Pogue's teammates this time included Tim Nicolas Tang, an escape room superfan who traveled all the way from Las Vegas to play 13th Gate.

The elaborate puzzle included a shipwreck, built by the crew brought on by 13th Gate creator and owner Dwayne Sanburn. "They're just amazing, talented guys," he said. "A lot of them came out of the movie industry. It takes a year to build [a game]. A lot of work, a lot of research."

Pogue asked, "On a typical day, how many people come through?"

"We run about 50 to 60 games a day."

"In general, it's a profitable enterprise?"

"It's a tremendous amount of work.

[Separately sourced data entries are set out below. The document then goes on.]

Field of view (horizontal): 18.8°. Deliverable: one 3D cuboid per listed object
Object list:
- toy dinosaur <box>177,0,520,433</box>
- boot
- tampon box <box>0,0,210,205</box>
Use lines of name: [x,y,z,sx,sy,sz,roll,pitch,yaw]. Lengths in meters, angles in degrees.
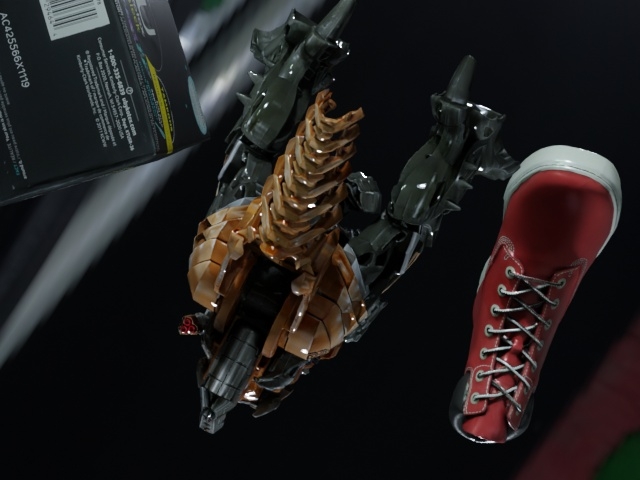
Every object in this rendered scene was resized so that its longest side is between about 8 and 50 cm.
toy dinosaur: [0.000,0.000,1.046,0.164,0.322,0.218,36,-111,-15]
boot: [0.158,0.053,1.460,0.244,0.088,0.176,105,-177,-56]
tampon box: [-0.133,-0.092,1.027,0.161,0.101,0.120,-48,-58,-80]

But it can certainly be profitable," Sanburn said.

But it's not an enterprise where you can have a lot of repeat customers. "That is probably the only downside to escape room, is that after you play it, there's no replayability, really," he said. "So, you have to continue building new games to keep audiences coming back."

It's hard to explain the rush you get from an escape room until you've played yourself. The danger feels real. Your heart races. And as for our crack team of "Sunday Morning" correspondents, well, they did not win. The time ran out … and the bomb went off.

"Oh no! We just blew up!"

But you know what? They didn't care. For one hour, they'd been working their wits, having fun with friends transported to a different time and place. Talk about escapism!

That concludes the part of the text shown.